The Group maintained the pricing increase realised during the 2011 financial
year and pricing increased by 10% over the six months ended 31 August 2010
("H111") and 2% over the six months ended 28 February 2011 ("H211"). Through the
continued pursuit of its product diversification strategy, the Group has managed
to further decrease its dependence on the IQF market over the past 18 months
with sales into this category declining from 53% in H111 and 50% in H211 to 46%
in H112. However, the volume of poultry imports into South Africa increased by
47% over H111 and 28% over H211 and continues to place pressure on local
pricing. Of particular concern is the sudden increase in the import volumes of
leg quarters from the European Union which attract no tariffs.
The poultry industry also saw a substantial increase in maize prices and the
Group`s broiler feed costs increased by 8% per ton. Average SAFEX white maize
spot prices increased from R1 120 per ton in H111 and R1 350 per ton in H211 to
R1 750 per ton in H112 and March 2012 SAFEX white maize prices are currently
trading at approximately R2 200 per ton. This increase in maize prices will
continue to place the poultry industry under pressure for the next six months.

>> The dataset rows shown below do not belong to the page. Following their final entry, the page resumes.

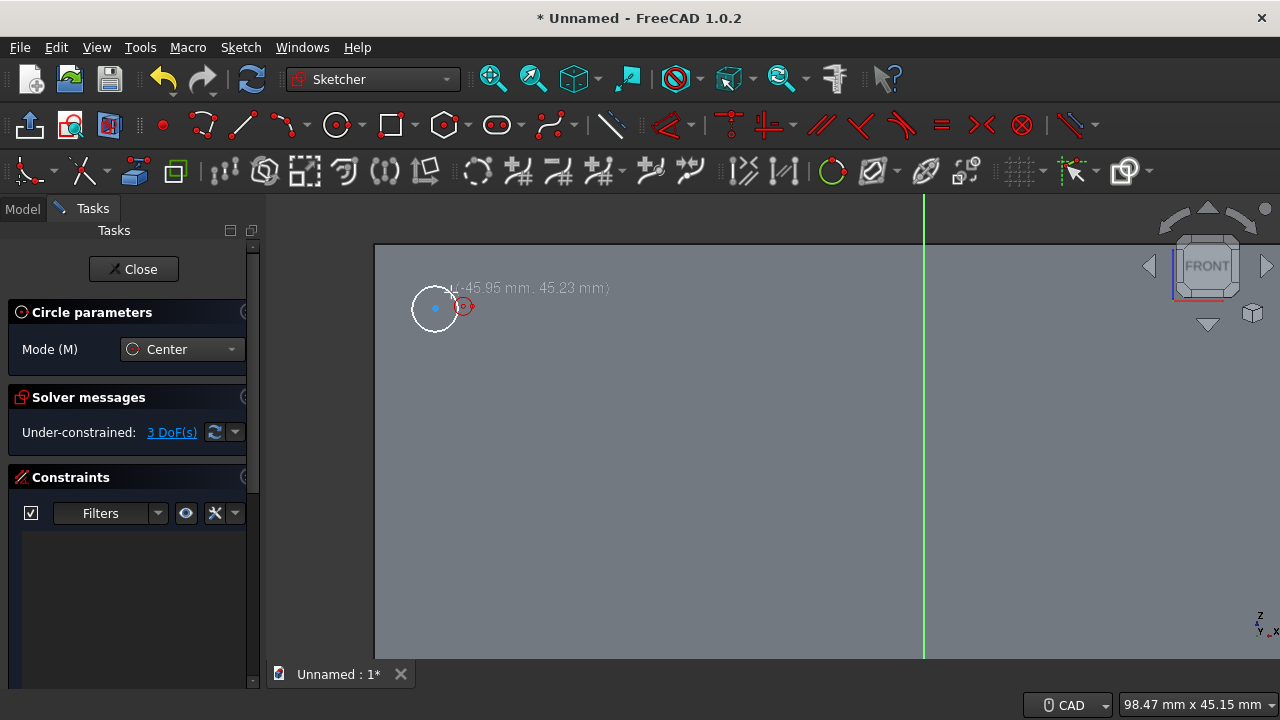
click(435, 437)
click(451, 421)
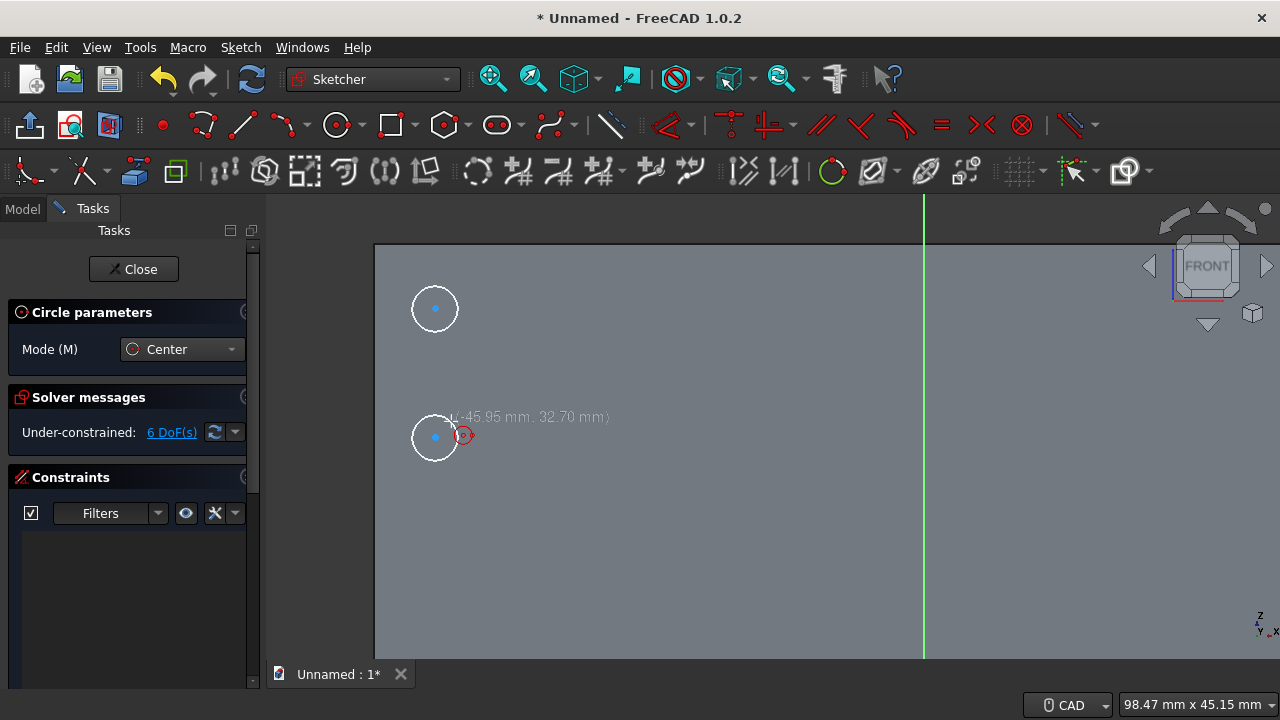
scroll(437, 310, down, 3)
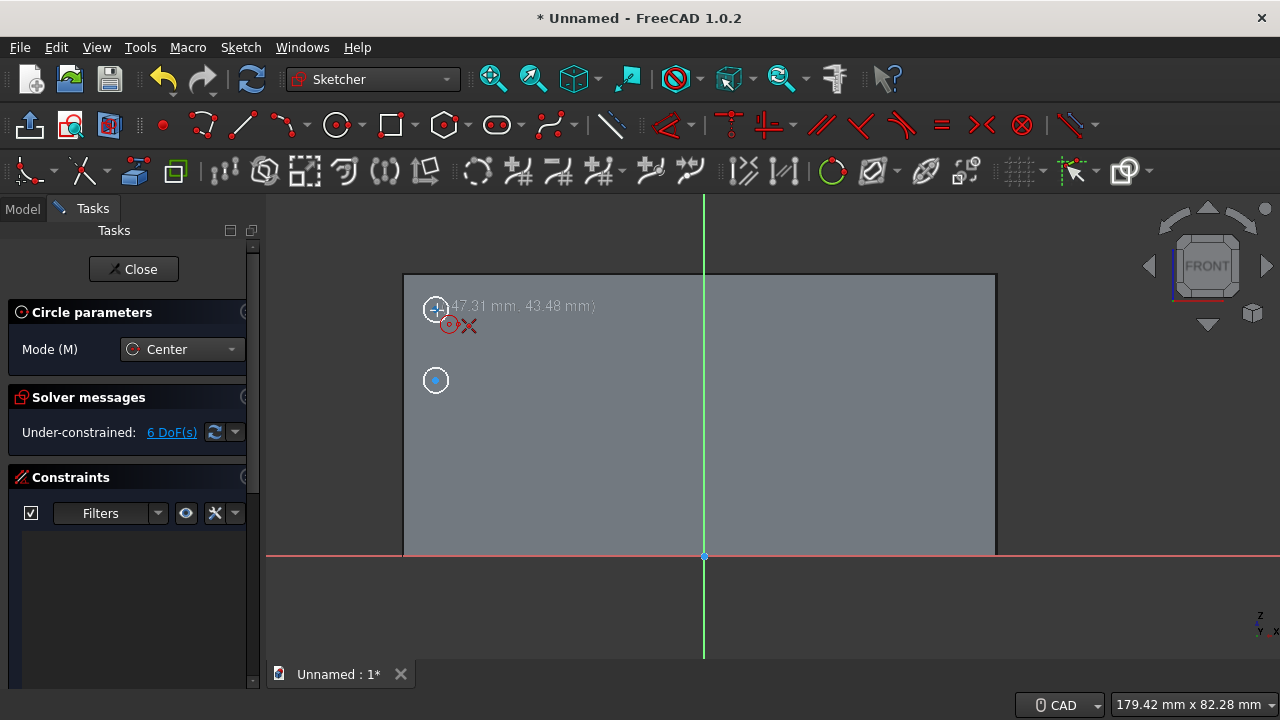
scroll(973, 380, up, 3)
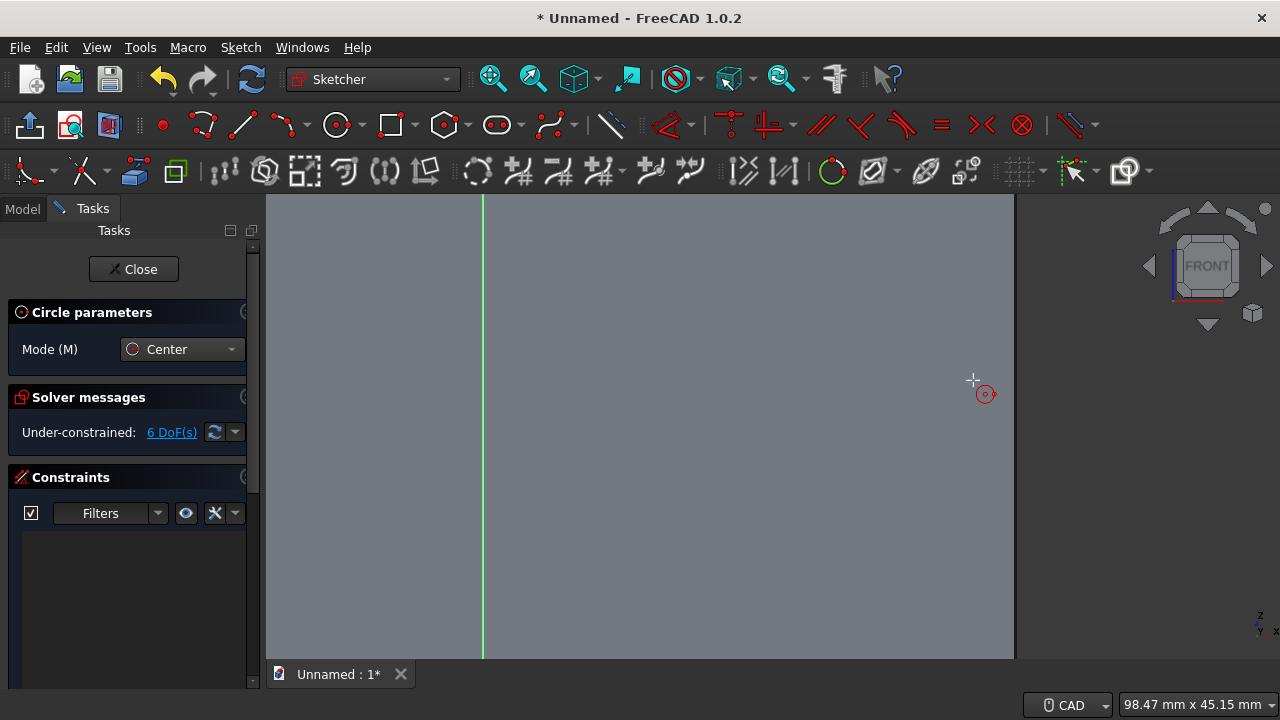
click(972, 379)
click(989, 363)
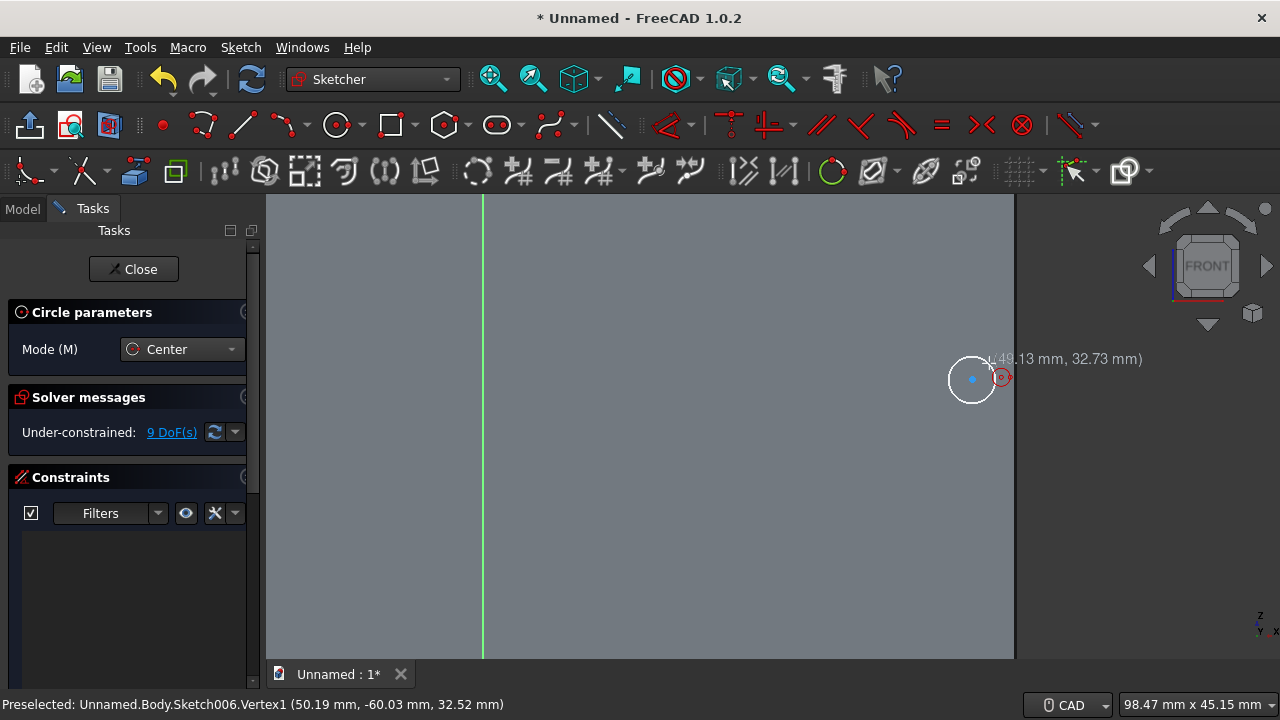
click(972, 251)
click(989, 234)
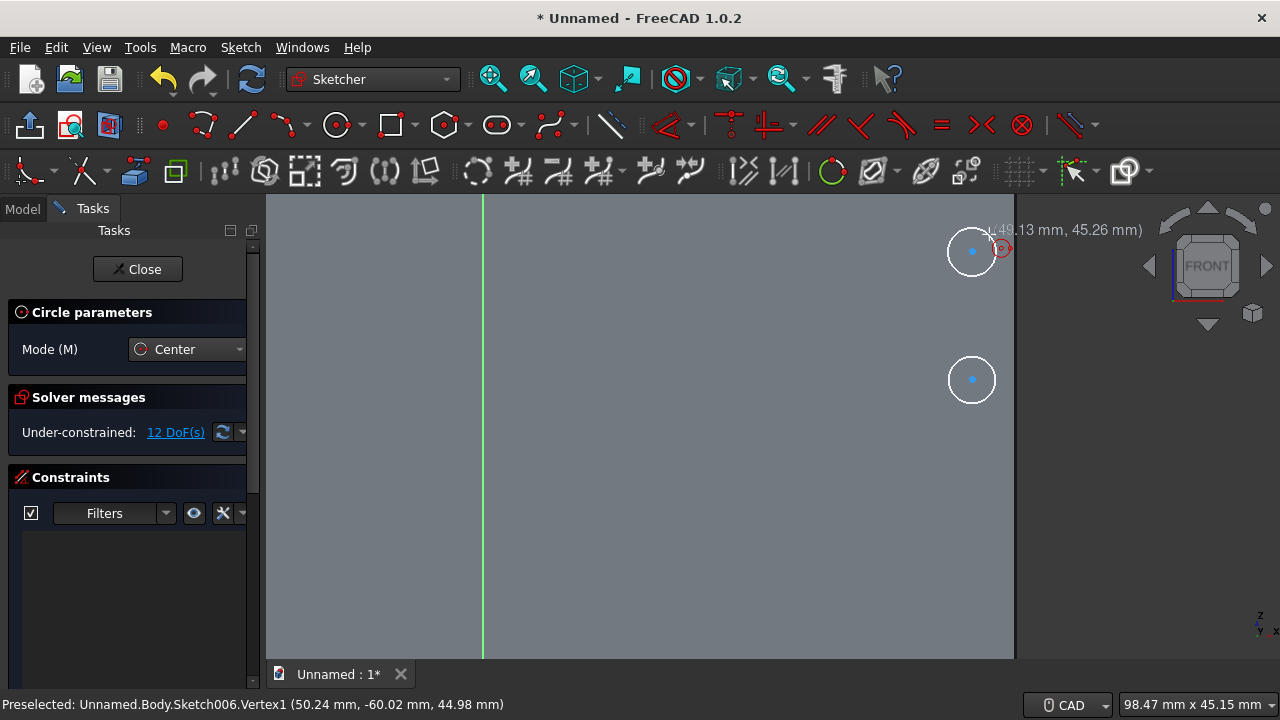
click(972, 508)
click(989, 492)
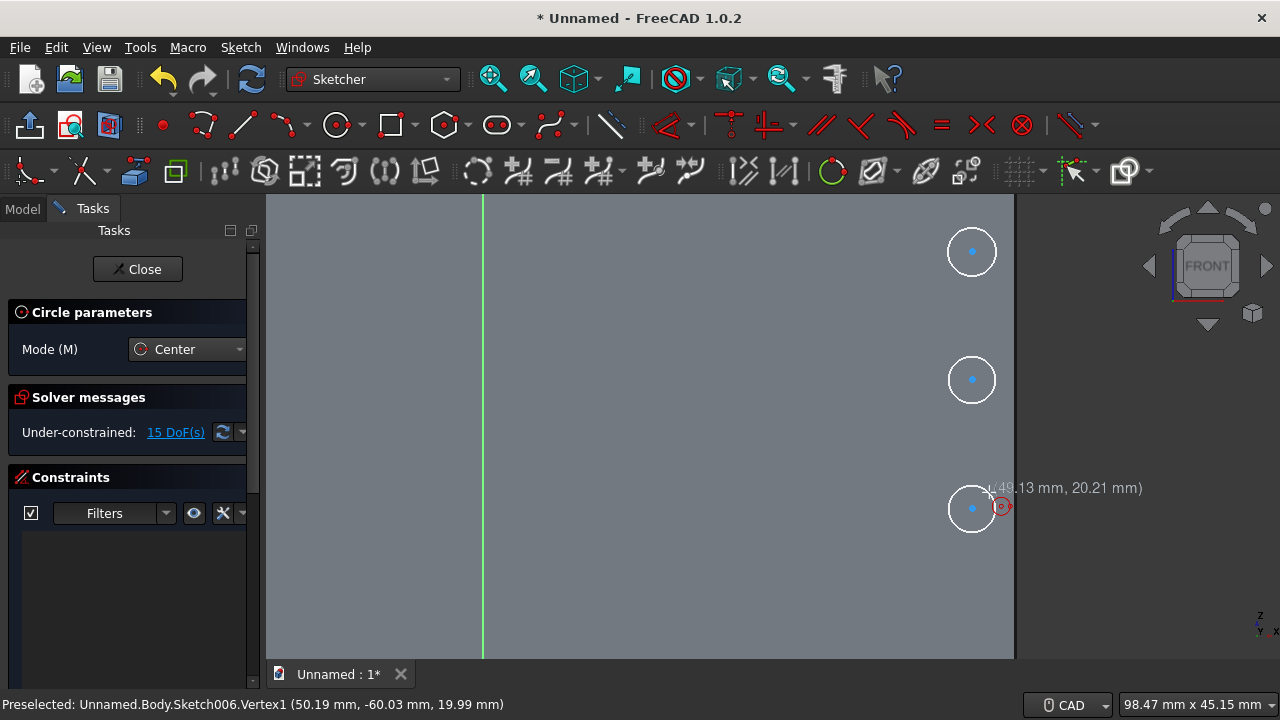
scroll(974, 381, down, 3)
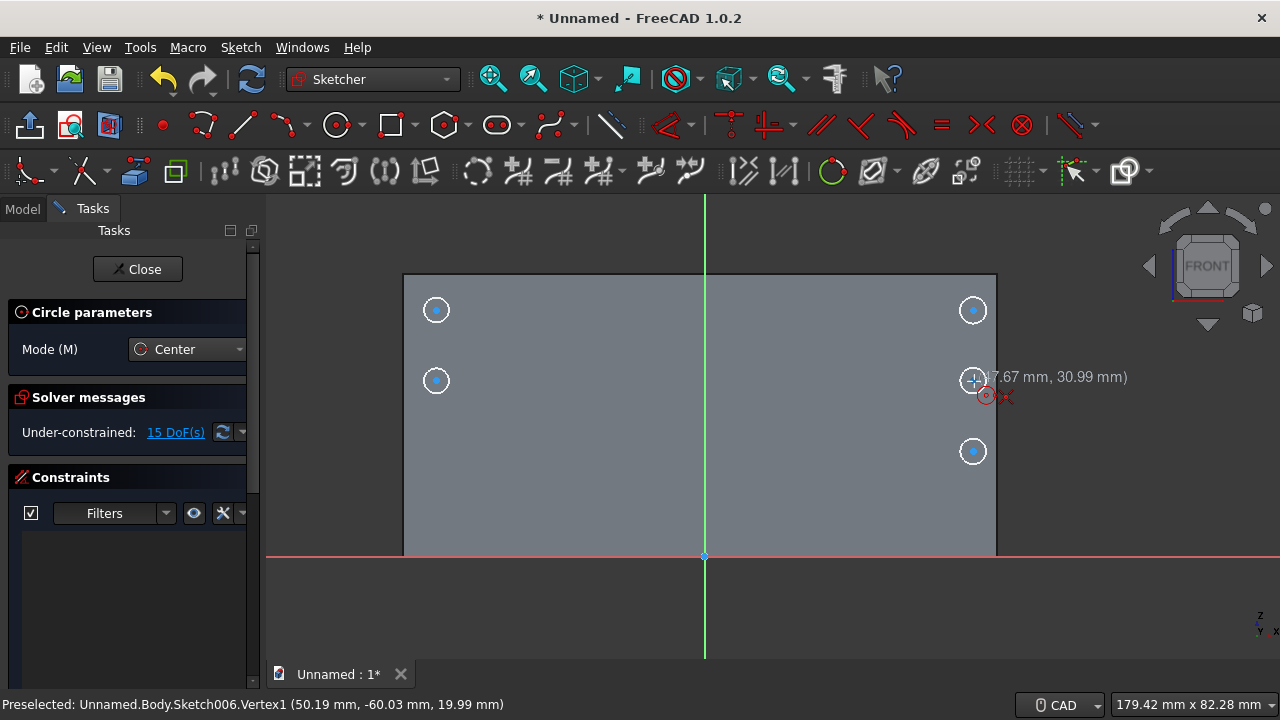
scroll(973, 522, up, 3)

The Group`s primary challenge for the next six months is to contain and reduce
its non-feed costs which have increased to R7,31/kg in H112 compared to R5,92/kg
in H111 and R6,55 in H211. The Group has embarked on an aggressive plan to
reduce discretionary and direct production costs and this plan is expected to
yield results in the next six months.
Working capital as a percentage of annualised revenue increased from 7,9% as at
31 August 2010 to 8,9% as at 31 August 2011 as a result of a deterioration in
both trade receivables and trade payables. It is expected that the deterioration
in trade receivables will be corrected by February 2012. Inventory levels have
increased from the low position as at 28 February 2011 in line with
expectations.
Capital expenditure for the period under review was limited to R8 million and
was spent primarily at the abattoir. The R150 million raised in the Rights Offer
which was completed in March 2011 was applied entirely to the reduction of debt
and total debt repaid for the period was R193 million. This had the effect of
reducing gross debt to R170 million as at 31 August 2011 and gross gearing fell
to 28%.
Cash on hand declined from R55 million as at 28 February 2011 to a net overdraft
of R15 million as at 31 August 2011.
Prospects
Over the festive season poultry prices traditionally increase, however increased
import volumes may continue to supress poultry prices and this, coupled with the
increase in maize and soya prices, could keep margins within the poultry
industry under pressure for the next six months.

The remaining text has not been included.